Saviez-vous que Bonaparte a bâti son empire en utilisant d’ingénieux méchas à la pointe de la technologie ? Rassurez-vous, malgré vos souvenirs lointains des cours d’Histoire, l’empereur des Français n’a jamais combattu à dos de robot géant. Cette réalité alternative, c’est le Studio Imugi qui la propose avec son premier titre : Bonaparte – A Mechanized Revolution.
Composé de vétérans de l’industrie, Studio Imugi c’est d’abord la rencontre de Martin Brouard et de Jongwoo Kim. Le premier a fondé le studio à l’origine de l’acclamé Sea of Stars, tandis que le second est l’un des auteurs à qui l’on doit The Shrouded Isle. Autant dire que lorsque deux poids lourds du jeu indépendant travaillent main dans la main pour lancer un projet après trois ans de développement, on ne peut que l’attendre avec impatience au bloc opératoire, bistouri à la main, pour le disséquer.
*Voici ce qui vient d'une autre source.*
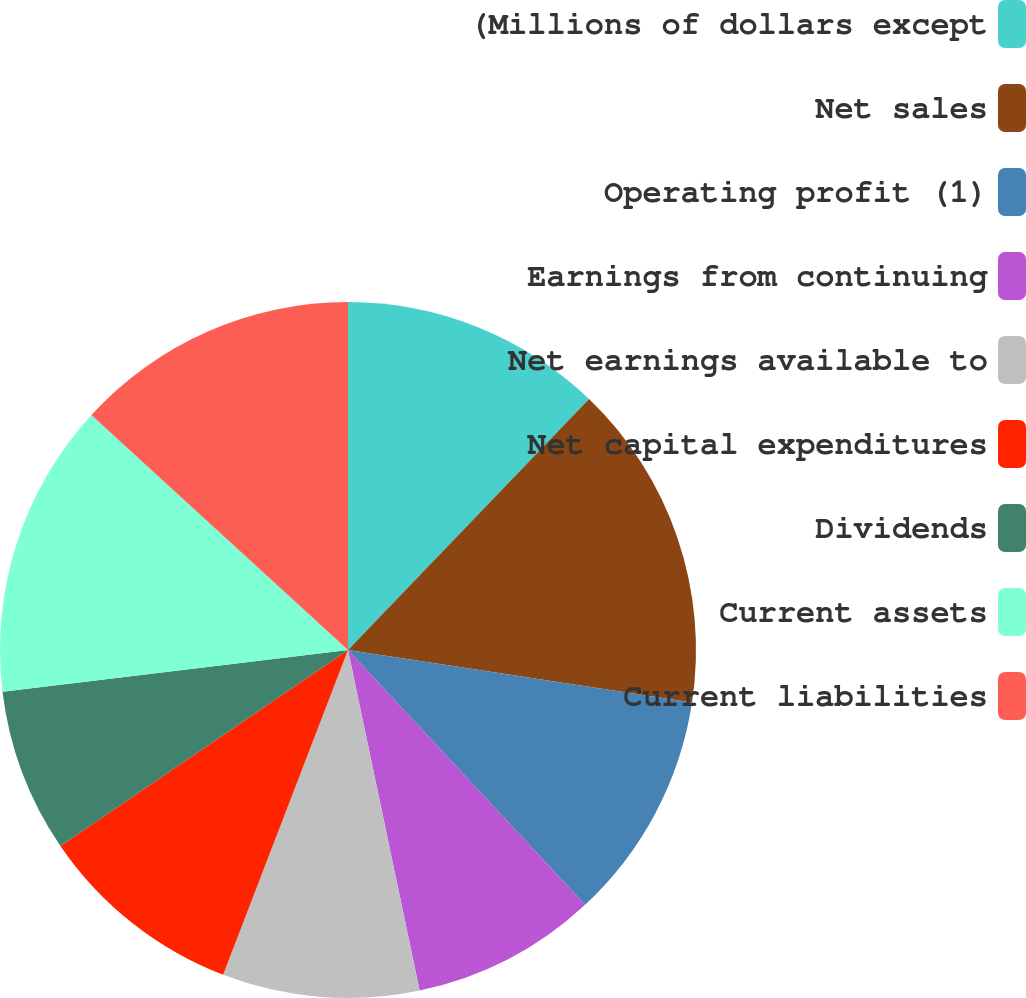Convert chart to OTSL. <chart><loc_0><loc_0><loc_500><loc_500><pie_chart><fcel>(Millions of dollars except<fcel>Net sales<fcel>Operating profit (1)<fcel>Earnings from continuing<fcel>Net earnings available to<fcel>Net capital expenditures<fcel>Dividends<fcel>Current assets<fcel>Current liabilities<nl><fcel>12.18%<fcel>15.23%<fcel>10.66%<fcel>8.63%<fcel>9.14%<fcel>9.64%<fcel>7.61%<fcel>13.71%<fcel>13.2%<nl></chart> 
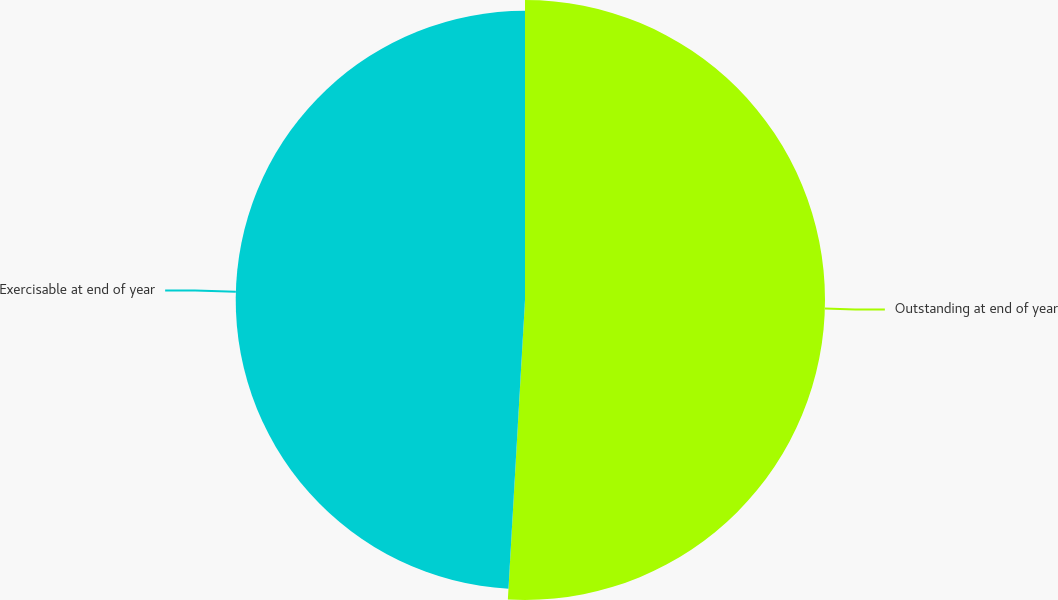Convert chart. <chart><loc_0><loc_0><loc_500><loc_500><pie_chart><fcel>Outstanding at end of year<fcel>Exercisable at end of year<nl><fcel>50.91%<fcel>49.09%<nl></chart> 
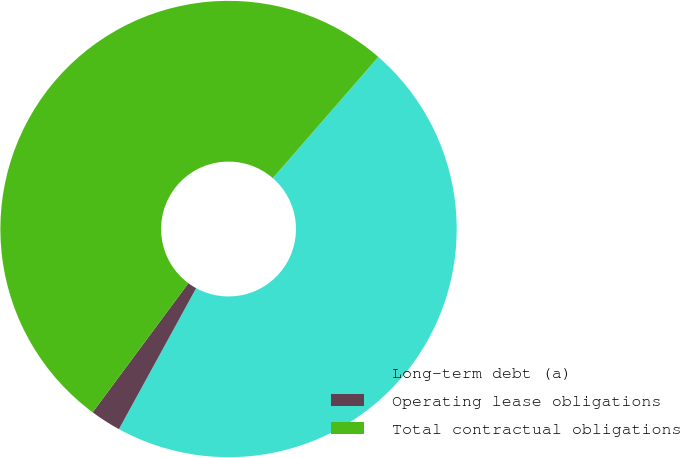Convert chart. <chart><loc_0><loc_0><loc_500><loc_500><pie_chart><fcel>Long-term debt (a)<fcel>Operating lease obligations<fcel>Total contractual obligations<nl><fcel>46.58%<fcel>2.18%<fcel>51.25%<nl></chart> 
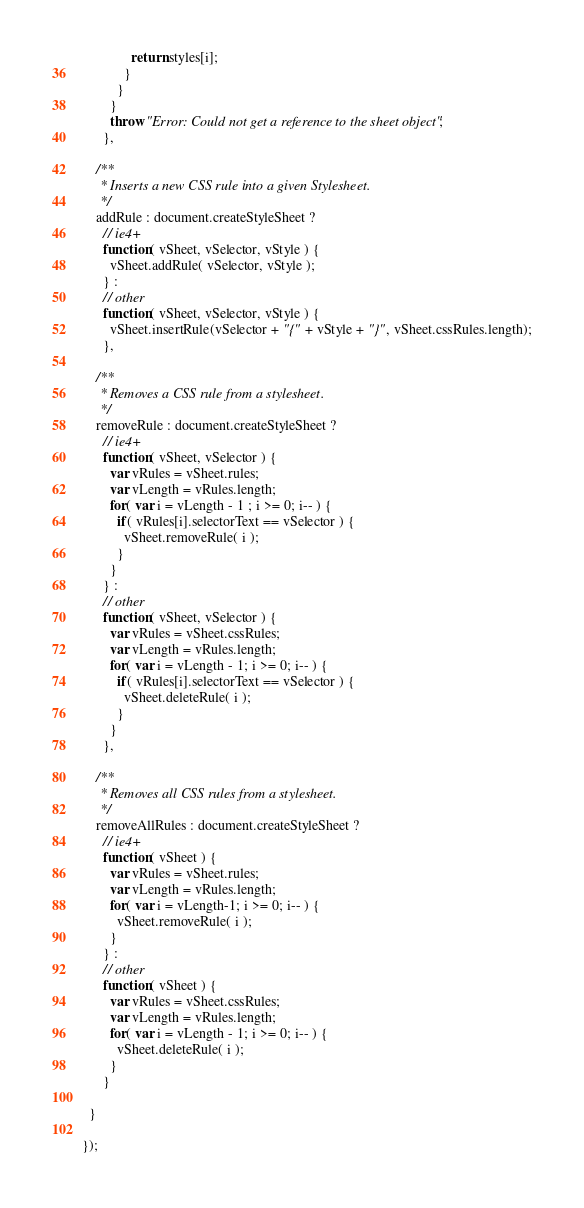Convert code to text. <code><loc_0><loc_0><loc_500><loc_500><_JavaScript_>              return styles[i];
            }
          }
        }
        throw "Error: Could not get a reference to the sheet object";
      },

    /**
     * Inserts a new CSS rule into a given Stylesheet.
     */
    addRule : document.createStyleSheet ?
      // ie4+
      function( vSheet, vSelector, vStyle ) {
        vSheet.addRule( vSelector, vStyle );
      } :
      // other
      function( vSheet, vSelector, vStyle ) {
        vSheet.insertRule(vSelector + "{" + vStyle + "}", vSheet.cssRules.length);
      },

    /**
     * Removes a CSS rule from a stylesheet.
     */
    removeRule : document.createStyleSheet ?
      // ie4+
      function( vSheet, vSelector ) {
        var vRules = vSheet.rules;
        var vLength = vRules.length;
        for( var i = vLength - 1 ; i >= 0; i-- ) {
          if( vRules[i].selectorText == vSelector ) {
            vSheet.removeRule( i );
          }
        }
      } :
      // other
      function( vSheet, vSelector ) {
        var vRules = vSheet.cssRules;
        var vLength = vRules.length;
        for( var i = vLength - 1; i >= 0; i-- ) {
          if( vRules[i].selectorText == vSelector ) {
            vSheet.deleteRule( i );
          }
        }
      },

    /**
     * Removes all CSS rules from a stylesheet.
     */
    removeAllRules : document.createStyleSheet ?
      // ie4+
      function( vSheet ) {
        var vRules = vSheet.rules;
        var vLength = vRules.length;
        for( var i = vLength-1; i >= 0; i-- ) {
          vSheet.removeRule( i );
        }
      } :
      // other
      function( vSheet ) {
        var vRules = vSheet.cssRules;
        var vLength = vRules.length;
        for( var i = vLength - 1; i >= 0; i-- ) {
          vSheet.deleteRule( i );
        }
      }

  }

});
</code> 
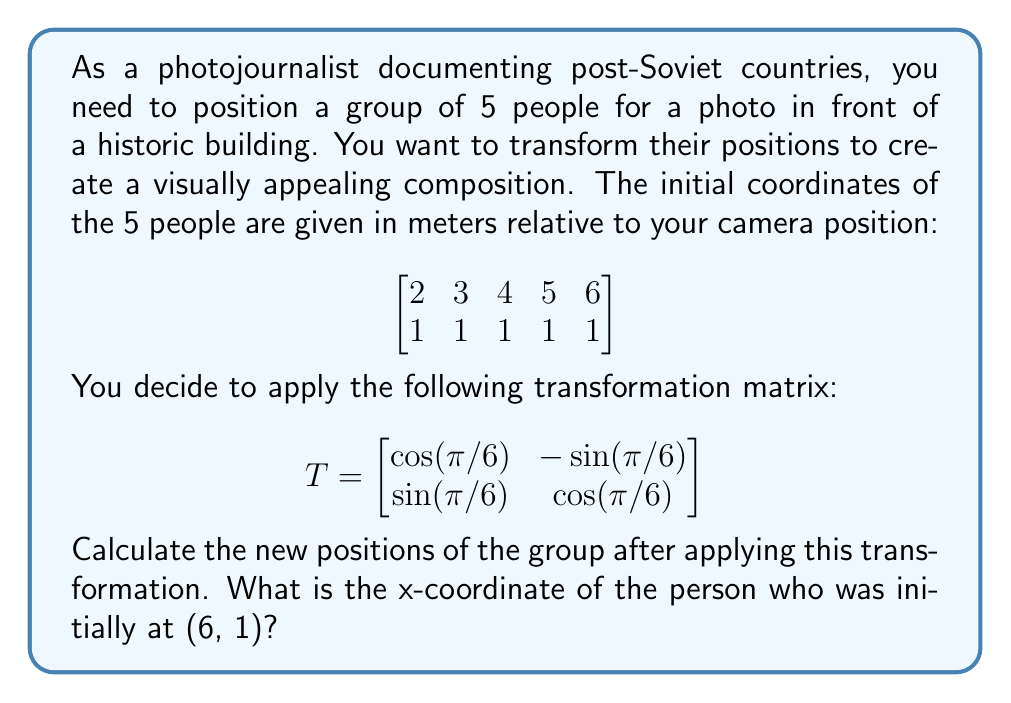Solve this math problem. Let's approach this step-by-step:

1) The transformation matrix $T$ is a rotation matrix that rotates points by $\pi/6$ radians (or 30 degrees) counterclockwise.

2) To apply this transformation, we need to multiply the matrix $T$ by each column of our initial position matrix. Let's call our initial position matrix $P$.

3) The resulting matrix will be $TP$:

   $$TP = \begin{bmatrix}
   \cos(\pi/6) & -\sin(\pi/6) \\
   \sin(\pi/6) & \cos(\pi/6)
   \end{bmatrix} \begin{bmatrix}
   2 & 3 & 4 & 5 & 6 \\
   1 & 1 & 1 & 1 & 1
   \end{bmatrix}$$

4) Let's calculate the values of $\cos(\pi/6)$ and $\sin(\pi/6)$:
   
   $\cos(\pi/6) = \frac{\sqrt{3}}{2} \approx 0.866$
   $\sin(\pi/6) = \frac{1}{2} = 0.5$

5) Now we can perform the matrix multiplication:

   $$TP = \begin{bmatrix}
   0.866 & -0.5 \\
   0.5 & 0.866
   \end{bmatrix} \begin{bmatrix}
   2 & 3 & 4 & 5 & 6 \\
   1 & 1 & 1 & 1 & 1
   \end{bmatrix}$$

6) For the person initially at (6, 1), we need to calculate:

   $$\begin{bmatrix}
   0.866 & -0.5 \\
   0.5 & 0.866
   \end{bmatrix} \begin{bmatrix}
   6 \\
   1
   \end{bmatrix}$$

7) This gives us:

   $$\begin{bmatrix}
   0.866 * 6 + (-0.5) * 1 \\
   0.5 * 6 + 0.866 * 1
   \end{bmatrix} = \begin{bmatrix}
   4.696 \\
   3.866
   \end{bmatrix}$$

8) The x-coordinate of this person after the transformation is approximately 4.696 meters.
Answer: 4.696 meters 
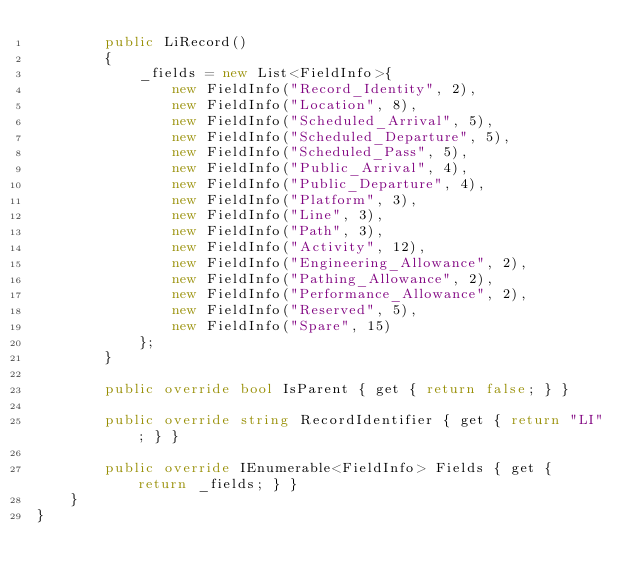<code> <loc_0><loc_0><loc_500><loc_500><_C#_>        public LiRecord()
        {
            _fields = new List<FieldInfo>{
                new FieldInfo("Record_Identity", 2),
                new FieldInfo("Location", 8),
                new FieldInfo("Scheduled_Arrival", 5),
                new FieldInfo("Scheduled_Departure", 5),
                new FieldInfo("Scheduled_Pass", 5),
                new FieldInfo("Public_Arrival", 4),
                new FieldInfo("Public_Departure", 4),
                new FieldInfo("Platform", 3),
                new FieldInfo("Line", 3),
                new FieldInfo("Path", 3),
                new FieldInfo("Activity", 12),
                new FieldInfo("Engineering_Allowance", 2),
                new FieldInfo("Pathing_Allowance", 2),
                new FieldInfo("Performance_Allowance", 2),
                new FieldInfo("Reserved", 5),
                new FieldInfo("Spare", 15)
            };
        }

        public override bool IsParent { get { return false; } }

        public override string RecordIdentifier { get { return "LI"; } }

        public override IEnumerable<FieldInfo> Fields { get { return _fields; } }
    }
}</code> 
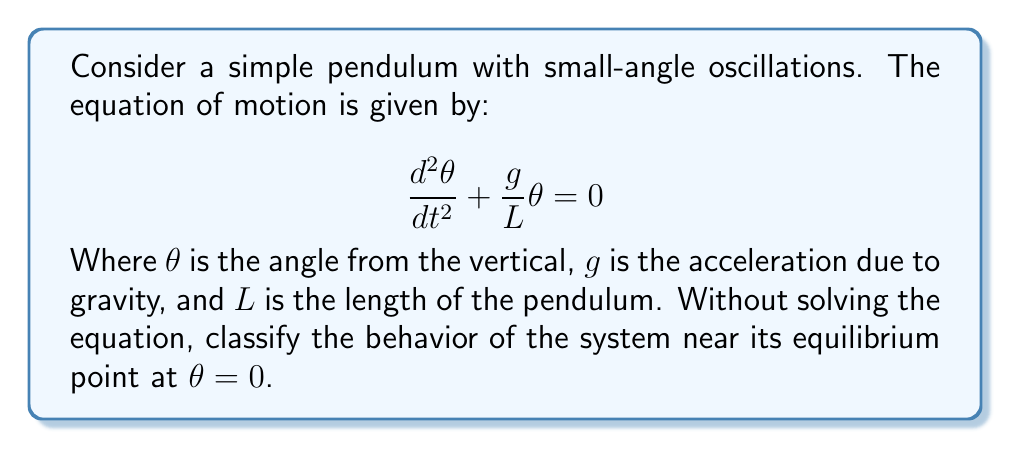Teach me how to tackle this problem. Let's approach this step-by-step:

1) First, we need to recognize that this is a second-order linear differential equation.

2) To classify the behavior, we need to compare it to the standard form of a second-order linear differential equation:

   $$ \frac{d^2x}{dt^2} + 2\zeta\omega_n\frac{dx}{dt} + \omega_n^2x = 0 $$

   Where $\zeta$ is the damping ratio and $\omega_n$ is the natural frequency.

3) Comparing our equation to the standard form, we can see that:
   - There is no damping term ($\frac{dx}{dt}$), so $\zeta = 0$
   - $\omega_n^2 = \frac{g}{L}$

4) When $\zeta = 0$, the system is undamped.

5) For an undamped system, the behavior is determined by the natural frequency $\omega_n$:
   - If $\omega_n$ is real (which it is in this case, as $\frac{g}{L}$ is always positive), the system will exhibit simple harmonic motion.

6) Simple harmonic motion means the pendulum will oscillate back and forth indefinitely with constant amplitude and frequency.

7) The equilibrium point at $\theta = 0$ (vertical position) is therefore classified as a center.
Answer: Center (simple harmonic motion) 
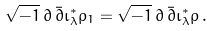Convert formula to latex. <formula><loc_0><loc_0><loc_500><loc_500>\sqrt { - 1 } \, \partial \, \bar { \partial } \iota ^ { * } _ { \lambda } \rho _ { 1 } = \sqrt { - 1 } \, \partial \, \bar { \partial } \iota ^ { * } _ { \lambda } \rho \, .</formula> 
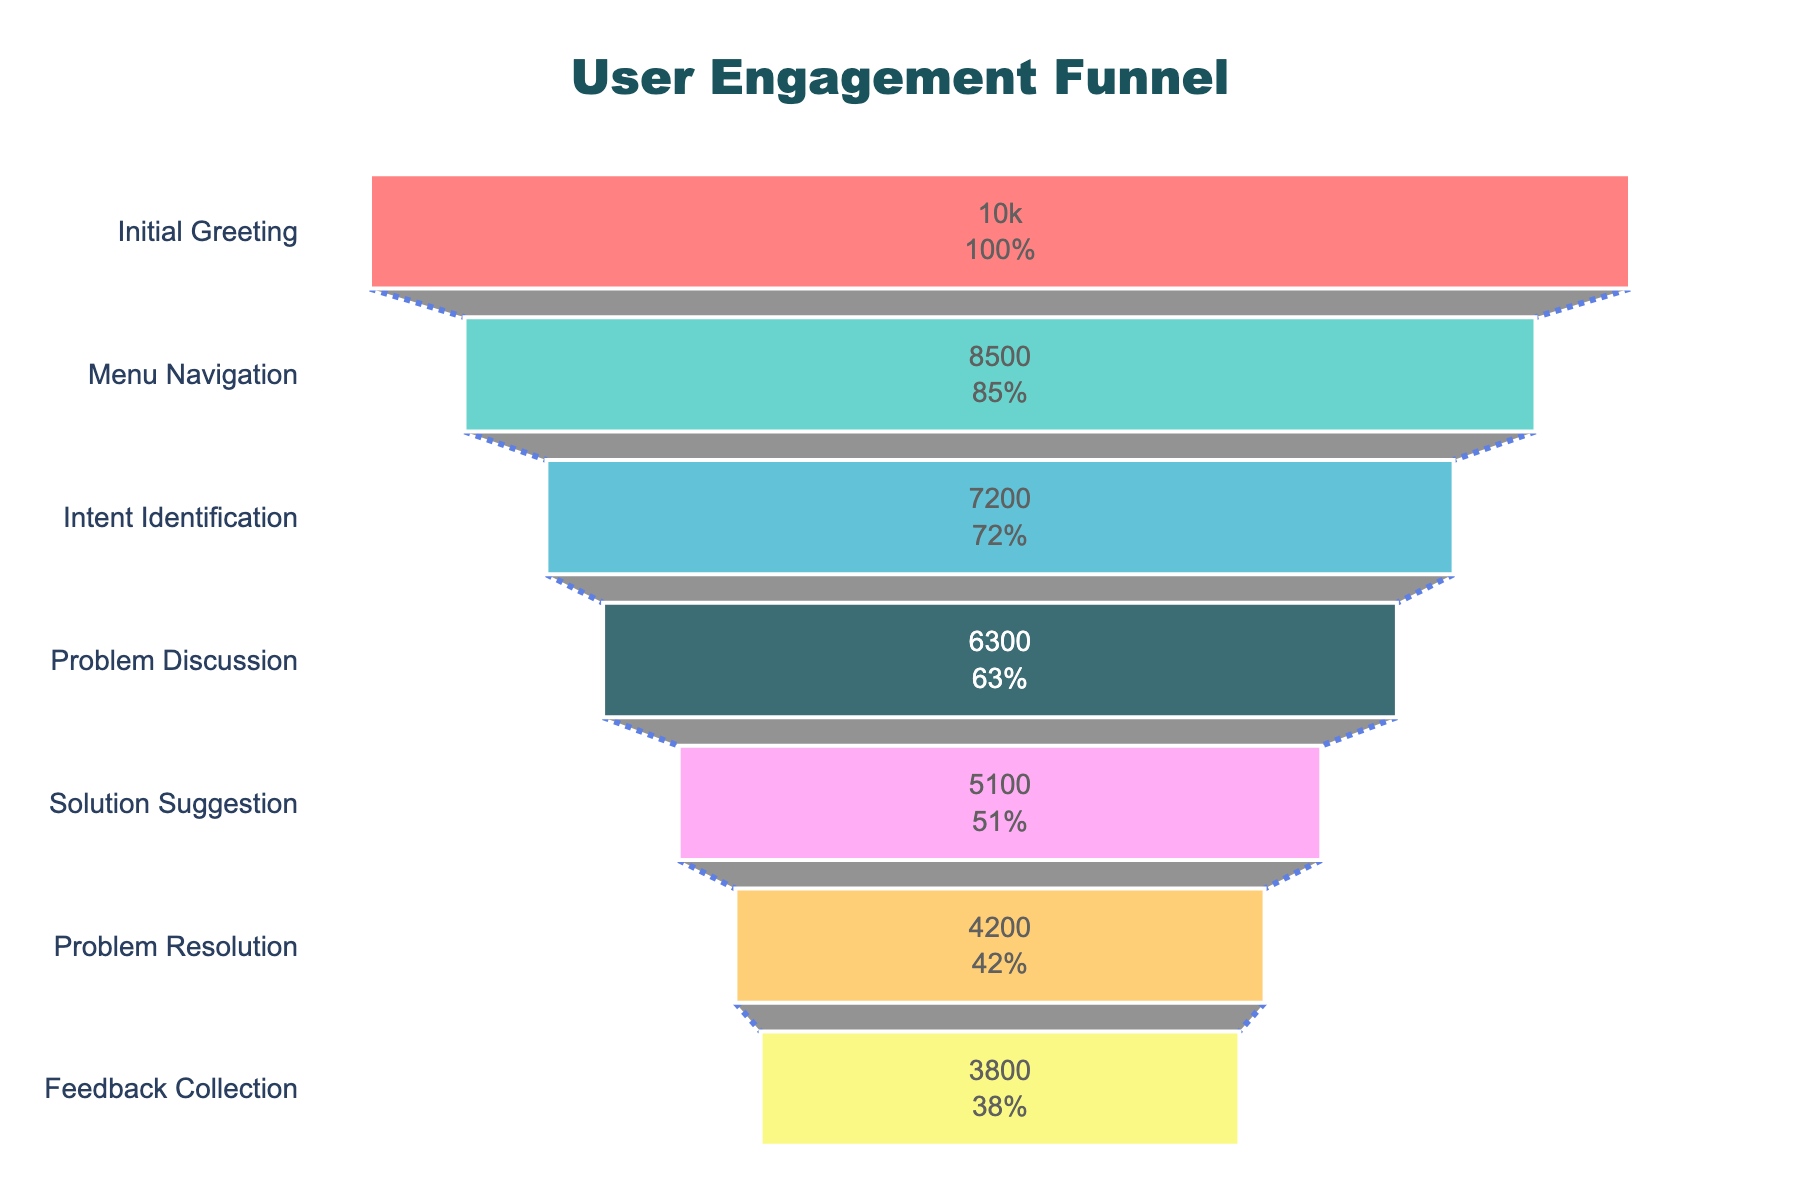What's the total number of users at the beginning of the interaction funnel? The number of users at the "Initial Greeting" stage can be directly identified from the topmost part of the funnel chart. This is the starting point of user engagement.
Answer: 10,000 What percentage of users drop off between the "Initial Greeting" and "Menu Navigation" stages? First, find the number of users at both stages (10,000 for "Initial Greeting" and 8,500 for "Menu Navigation"). Then, calculate the difference (10,000 - 8,500 = 1,500). Finally, compute the percentage: (1,500 / 10,000) * 100%.
Answer: 15% At which stage does the drop in user engagement exceed 1,000 users for the first time? To identify the first stage with a drop exceeding 1,000 users, examine the difference between consecutive stages. The difference between "Menu Navigation" (8,500) and "Intent Identification" (7,200) is 1,300 users, which is the first drop exceeding 1,000 users.
Answer: Intent Identification How many users progress from the "Problem Discussion" stage to the "Solution Suggestion" stage? Look at the values for both stages: "Problem Discussion" has 6,300 users and "Solution Suggestion" has 5,100 users. The number of users progressing is thus 5,100.
Answer: 5,100 What's the difference in user count between the "Problem Resolution" and "Feedback Collection" stages? Check the chart for the user counts at both stages (4,200 at "Problem Resolution" and 3,800 at "Feedback Collection"). The difference is 4,200 - 3,800 = 400 users.
Answer: 400 Which stage in the funnel has the highest drop-off rate in terms of absolute number of users? To find the stage with the highest drop-off, calculate the differences between consecutive stages. The highest absolute drop-off is between "Solution Suggestion" (5,100) and "Problem Resolution" (4,200), which is 900 users.
Answer: Solution Suggestion to Problem Resolution By what percentage does user engagement reduce from "Solution Suggestion" to "Problem Resolution"? Compute the number of users at both stages (5,100 for "Solution Suggestion" and 4,200 for "Problem Resolution"). The drop is 900 users. The percentage reduction is (900 / 5,100) * 100%.
Answer: 17.65% What is the number of stages in the user engagement funnel? Count the distinct stages listed on the y-axis of the funnel chart. There are 7 stages.
Answer: 7 Is there a stage where less than half of the original 10,000 users remain? Check each stage to identify where the user count falls below 5,000. The "Solution Suggestion" stage has 5,100 users and the "Problem Resolution" stage has 4,200 users, indicating less than half remain at "Problem Resolution".
Answer: Problem Resolution

Un jeu sur Napoléon, vraiment ?
Le fruit de cette collaboration s’articule donc autour d’une Histoire bien lointaine, eu égard à leur nationalité canadienne : celle de la Révolution française ! Drôle de choix de prime abord, mais la figure de Napoléon Iᵉʳ fascine bien au-delà de l’Hexagone pour que son parcours ne soit la propriété que d’une seule nation. Dans leur récit, Napoléon Bonaparte n’est pas, il s’agira d’incarner un personnage inspiré du célèbre ajaccien de naissance : le jeu vous propose d’emblée d’opter pour Céline ou César Bonaparte. Les deux protagonistes, fictifs, s’inspirent toutefois de l’illustre et clivante figure à laquelle ils empruntent le patronyme, le temps d’un jeu vidéo de stratégie au tour par tour.
Des jeux s’inspirant du Premier Empire, on peut en compter plusieurs. Comment ne pas penser au célèbre Napoléon : Total War de SEGA (2010) ou encore à L’Aigle de Guerre (2001), la version de poche des batailles napoléoniennes ? C’est d’ailleurs plutôt vers ce dernier que lorgne Bonaparte – A Mechanized Revolution. Ici, pas de créatures fantastiques comme le proposait la cartouche Game Boy Advance, mais quelques libertés avec le récit officiel. Le choix d’un personnage « neutre » n’est d’ailleurs pas anodin de la part des développeurs, qui souhaitent plonger le joueur dans la peau du futur empereur pour faire « à sa place ». En effet, tout le postulat de départ du Studio Imagi repose sur une seule question : et vous, qu’auriez-vous fait si vous aviez été Napoléon Bonaparte ?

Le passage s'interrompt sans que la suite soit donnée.